Government ministers are among those to point out that UK gas production is small and that global prices set UK prices.

Starting fracking production and North Sea mining sites would also take years, further locking the UK into fossil fuels, exacerbating the climate crisis and potentially creating stranded assets that the taxpayer would have to pay to decommission, campaigners warn.

Tessa Khan, director of Uplift, which campaigns for a fossil-free UK, said the documents showed that the government knows the solution to the energy crisis is to get the country off fossil fuels with renewables, which are now nine times cheaper than gas.

“So, why is it promising this week to fast track new oil and gas developments and licence new fields, which will only lock us into an unaffordable and polluting source of energy far longer than is necessary?” she said. “The only winners from this would be the profiteering energy giants that want to keep us hooked on fossil fuels.”

Fracking was paused in 2019 following concern about earthquakes in Lancashire. Liz Truss’s government then officially lifted the moratorium on 22 September (PA)

The government announced last week that Cambo oil and gas field and four others were among 138 projects to be accelerated under its new mini-Budget.

But the prime minister’s claims that gas from fracking could flow in six months have been called into doubt – with one company estimating it could take as long as 18 months.

Friends of the Earth’s head of policy, Mike Childs, said the documents raised “serious questions” about the prime minister’s energy strategy.

“BEIS officials are clear that a continued reliance on fossil fuels is not the answer to rising energy prices, yet this government has just given the green light to fracking and more North Sea gas and oil licences,” he said.

While Mr Childs welcomed the government announcement on Friday that it was easing planning rules for on-shore wind, he said Liz Trust must “end the obsession with new fossil fuel developments and prioritise cheap homegrown renewables and a nationwide insulation programme”.

Demonstrators take part in a protest march from Victoria station to Parliament Square, in London (AFP/Getty)

Adrian Ramsay, co-leader of the Green Party, said BEIS officials were “absolutely” right that the solution to soaring gas prices was increasing renewable energy and that ministers should “urgently” translate this into policy.

The government’s new policies were announced as campaigners stepped up opposition to developing a major oil and gas field northwest of Shetland.

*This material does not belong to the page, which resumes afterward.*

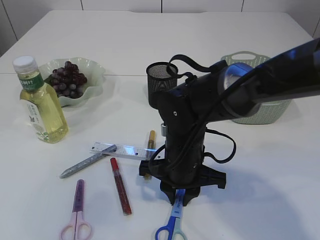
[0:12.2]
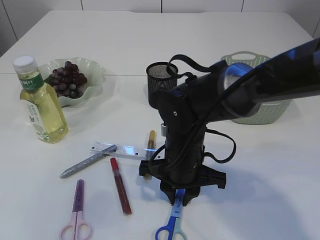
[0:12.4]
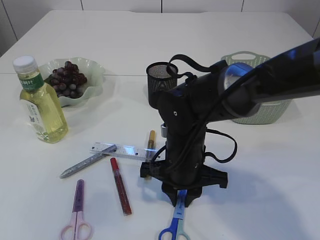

If given the go-ahead by the government, Rosebank field could produce nearly 500 million barrels making it three times bigger than the controversial Cambo field, according to analysis by Uplift.

The charity estimates that nearly 90 per cent of the field is oil and notes that around 80 per cent of the oil produced in the UK is exported.

According to the project summary, the first oil is expected to be produced in 2026, and the field life is estimated to be approximately 25 years, meaning it still could be producing oil and gas a year after the UK has pledged to be net zero.

Oil rigs in Cromarty Firth off the coast of Scotland (PA)

A BEIS spokesperson said: “This is a deliberate attempt to misinterpret our policies.

“It is a fact that there will continue to be ongoing demand for oil and gas over the coming years as we transition to cleaner, lower carbon energy – sourcing gas locally in the North Sea makes us less dependent on foreign imports and produces less than half the carbon footprint of imported gas.”

The spokesperson said the government was also producing more renewable energy.

“Since 2010, we have delivered a [five-fold] increase in the amount of renewable energy capacity connected to the grid.”

A spokesperson for Equinor said the company was contributing to the UK’s energy security by supplying natural gas and it had sped up its renewable energy plans with the development of the world’s largest wind farm and aimed to be net zero by 2050.

But it added there would still be a need for oil and gas for decades and said  Rosebank could account for around 11 per cent of the UK’s oil production through the 2030s helping reduce the UK’s oil and gas trade deficit.